THE dangerous last days. John Major makes his final desperate pitch, battling to be heard above the discordant strains of a party which looks as if it might implode at any moment. Like Mr Major, Paddy Ashdown puts his trust in the millions of voters apparently still undecided. Tony Blair warns his party against complacency and says he takes nothing for granted.
But according to the opinion polls, and most of the British press, it's already over. And even as Mr Blair issues his prudent public caution, the signs are that Labour, too, believes victory is in the bag.
The plans for a lavish election night party at the Royal Festival Hall are one sign of it. More revealing still, the activities of some of Mr Blair's ministers in waiting over the past weekend. For while they were bracing themselves for the final three days of the campaign, key members of the putative Blair cabinet were also laying detailed plans for next weekend, and their first few days in office.
They are right old course to do so. Mo Mowlam, Jack Straw and the like can hardly saunter into Blair's Downing Street on Friday afternoon, collect their red boxes, and only then set about discovering what should happen next. After 18 years in opposition, the imperative for a Blair cabinet would be to hit the ground running, to convey an image of competence from the outset.
But this is not just a case of sensible contingency planning for an event which may or may not happen. The early caution has gone.
Potential ministers, who steadfastly refused to believe until the result was declared, seem now convinced the country made up its mind a long time ago. Sure, they discourage talk of landslides. And more sober assessments still put Labour's likely overall majority at around 30 seats. But they no longer have any doubt that the prize will be theirs. Should the electorate prove them wrong, the effect on their collective and individual psyche is almost impossible to imagine.
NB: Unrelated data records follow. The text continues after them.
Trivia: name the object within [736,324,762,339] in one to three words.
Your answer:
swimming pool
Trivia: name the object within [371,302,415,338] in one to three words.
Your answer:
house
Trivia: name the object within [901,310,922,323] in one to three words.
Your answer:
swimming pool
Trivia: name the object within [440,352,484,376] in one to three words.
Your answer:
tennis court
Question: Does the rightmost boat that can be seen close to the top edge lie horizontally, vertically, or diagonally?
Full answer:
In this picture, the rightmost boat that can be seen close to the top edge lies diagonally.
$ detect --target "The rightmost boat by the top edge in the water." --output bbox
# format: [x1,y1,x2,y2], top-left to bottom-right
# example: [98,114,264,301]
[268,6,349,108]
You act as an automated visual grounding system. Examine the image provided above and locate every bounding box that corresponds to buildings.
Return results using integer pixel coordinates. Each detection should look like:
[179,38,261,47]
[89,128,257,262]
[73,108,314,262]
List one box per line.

These are dangerous and nerve racking times, too, for the opinion pollsters. With the exception of ICM, they are agreed on the result, with variations allowed only on the scale of the Tory disaster. But Mr Major clings to the stubborn belief that, wrong in 1992, they could be spectacularly wrong this time. Should he prove to be right, the pollsters might have thoughts of a collective suicide pact throwing themselves off the top of Labour's Millbank Towers HQ as they wave their apologies to Mr Blair.
Again the discrepancy between what the leaders say in public and the foot soldiers say in private. One minister rejects a landslide while conceding a probable Blair majority of 70. (One fancies that might feel like a landslide to Dr Mawhinney, come Friday.)
MPs contacted throughout the campaign have been consistent in their belief that their cause is lost. However, Mr Major can recall that most of his party felt the same way in 1992. And some insiders still maintain, against all the odds, that they can shade it - though with a hung parliament more likely than a Tory win.
Michael Portillo was at this yesterday, seeming to concede the possibility but only as a spur to Tory doubters. As a tactic it could badly backfire. For a hung parliament would bring with it the possibility (horror of horrors) of an early, second election. It would also increase the likelihood of two other developments from which floating voters would surely recoil.
Even if Mr Major was to win big on Thursday, a question mark remains over his capacity to lead his party. On the face of it, that could hardly be the case. A victory against these odds would be truly sensational. His authority should be enhanced. He could in normal circumstances savour the prospect then of surpassing Margaret Thatcher's record.
But the circumstances of the Tory party would be unaffected by reelection. Mr Major might embrace his resolutely Eurosceptical intake, abandon Chancellor Clarke and rule out the Single Currency in perpetuity. But his instinct would be the opposite. And the right retains its distrust of his instinct over Europe. Indeed it will be fed by the frenzied speculation about the positioning for a post defeat leadership contest.
Some accounts yesterday had Mr Major aligning with Kenneth Clarke in favour of Michael Heseltine as a stop gap leader, pending the return to the Commons of Chris Patten. Idle speculation, perhaps. But it has the ring of truth. And if the new intake prove as deeply hostile to Europe as their preelection declarations suggest, their disposition will be to have one of their own at the helm. For all his anti federal talk in this election, Mr Major ceased to be one of us" a long time ago.
So the floater might fear that a narrow win for Mr Major could provide the passport for one of his would be successors, after a renewal of the internal warfare that so debilitated the Major government in the last parliament.
More immediately still - if the Tories emerged with a single figure majority, or as the largest party but without an overall majority - who would be Mr Major's potential partners for the life of the next parliament? In the dying months of the last parliament, for all the denials, Mr Major relied on the insurance policy of Ulster Unionist support.
The distrust and discontent this caused was palpable, restrained only by the knowledge that the election could not be long delayed. But if Britons awoke on Friday to the prospect of the Conservatives governing more or less in coalition with the Ulster Unionists, many believe the reaction would be of outrage and deep hostility, and that it would extend far beyond these islands.
This, then, is the measure of the task confronting Mr Major. To have a chance of governing credibly in Northern Ireland and in Britain - he needs to do as well as last time and, arguably, better. And if you rate his chances of doing that, you'll find plenty of bookmakers willing to take your money.